Das äußerte sich durch feuchte Hände sowie Herzrasen und einen gesteigerten Puls. «Im Durchschnitt waren die Probanden deutlich weniger gestresst, wenn sie bei einer Geschwindigkeit von 160 Stundenkilometern ohne Spurhalteassistent fuhren, als bei 120 Stundenkilometern mit Spurhalteassistent.»
Das liege an zwei Faktoren: Zum einen falle es schwer, die durch jahrelange Fahrpraxis erlernte Kontrolle abzugeben. Zum anderen sei die Technologie noch nicht ausgereift, so dass der Assistent in bestimmten Situationen ausfallen könne. «Da kam dann bei einigen Probanden nach der Fahrt auch mal der Ausruf: «So einen Stress tue ich mir nicht mehr an!»», erinnert sich Seidler.
Bis Fahrerassistenzsysteme oder gar komplett selbstfahrende Autos das nötige Sicherheitsgefühl vermitteln, ist es also noch ein langer Weg. «Im Moment ist die Technik noch nicht so weit, dass Unfälle komplett vermieden werden können», sagt Professor Schick.
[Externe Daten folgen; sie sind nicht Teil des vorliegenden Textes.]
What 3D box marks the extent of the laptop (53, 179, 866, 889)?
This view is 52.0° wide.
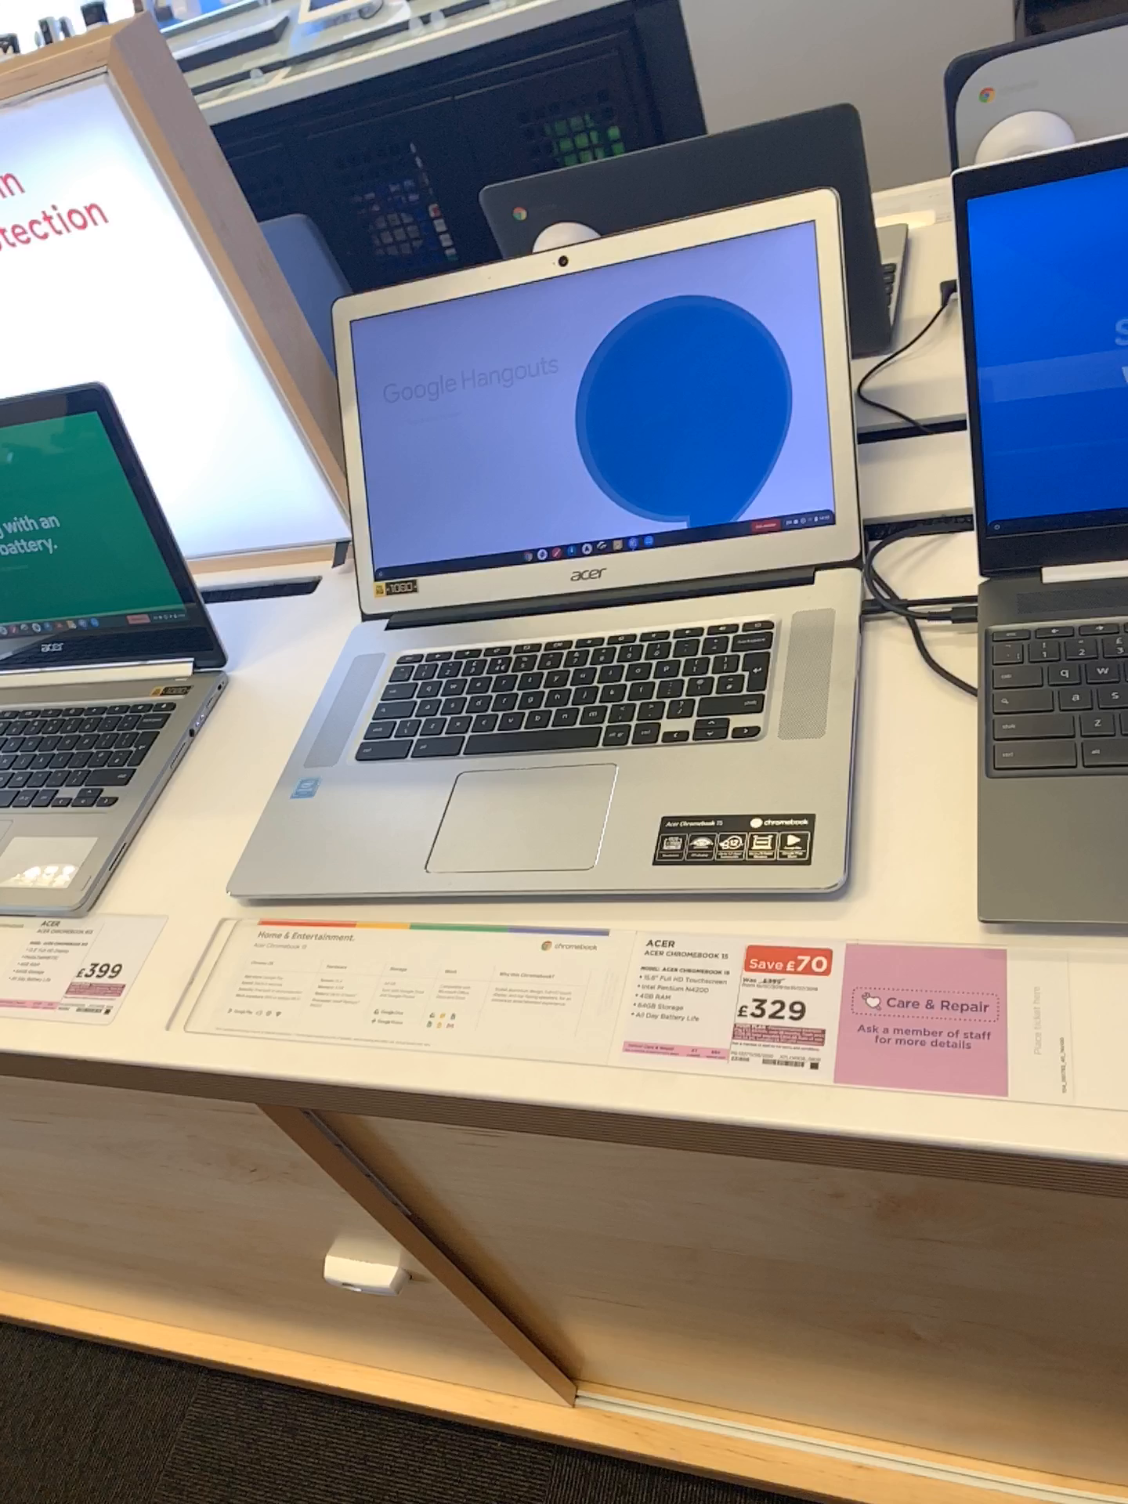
[{"bbox_3d":[-0.021,-0.143,0.731,0.375,0.168,0.433,-4,46,21],"label":"laptop"}]

Es gibt zwar Studien, die aussagen, dass es bei einer höheren Verbreitung von autonom agierenden Fahrzeugen deutlich weniger Unfalltote gäbe. Doch diese Berechnungen sind in der Fachwelt umstritten.
Inzwischen erlaubt das Straßenverkehrsgesetz teilweise solche Autos auf den Straßen. Die Verantwortung bleibt aber letzten Endes beim Menschen hinter dem Steuer. Einige autonom gesteuerte Fahrzeuge sind bereits auf einzelnen Autobahnen zu Testzwecken unterwegs. So kann auf der A9 zwischen München und Nürnberg hin und wieder ein Wagen beobachtet werden, dessen Fahrer die Hände in den Schoß legt. Das
Bundesverkehrsministerium bezeichnet diese Strecke als «Digitales Testfeld Autobahn» und betont: «Die Erprobungen finden im laufenden Verkehr, als «Labor unter Realbedingungen» statt.»
Das Allgäu soll auf jeden Fall künftig eines der Forschungszentren für die Technologie bleiben. Denn das nach Angaben der Initiatoren «modernste Zentrum für autonomes Fahren» in Deutschland soll bei Memmingen entstehen. Auf dem ehemaligen Fliegerhorst soll dort mit Unterstützung des Freistaats bis 2019 für rund 15 Millionen Euro ein Testgelände errichtet werden, auf dem Autobahnfahrten simuliert werden können. Die Wissenschaftler der Kemptener Hochschule wollen hier in Zukunft gemeinsam mit Unternehmen Studien durchführen.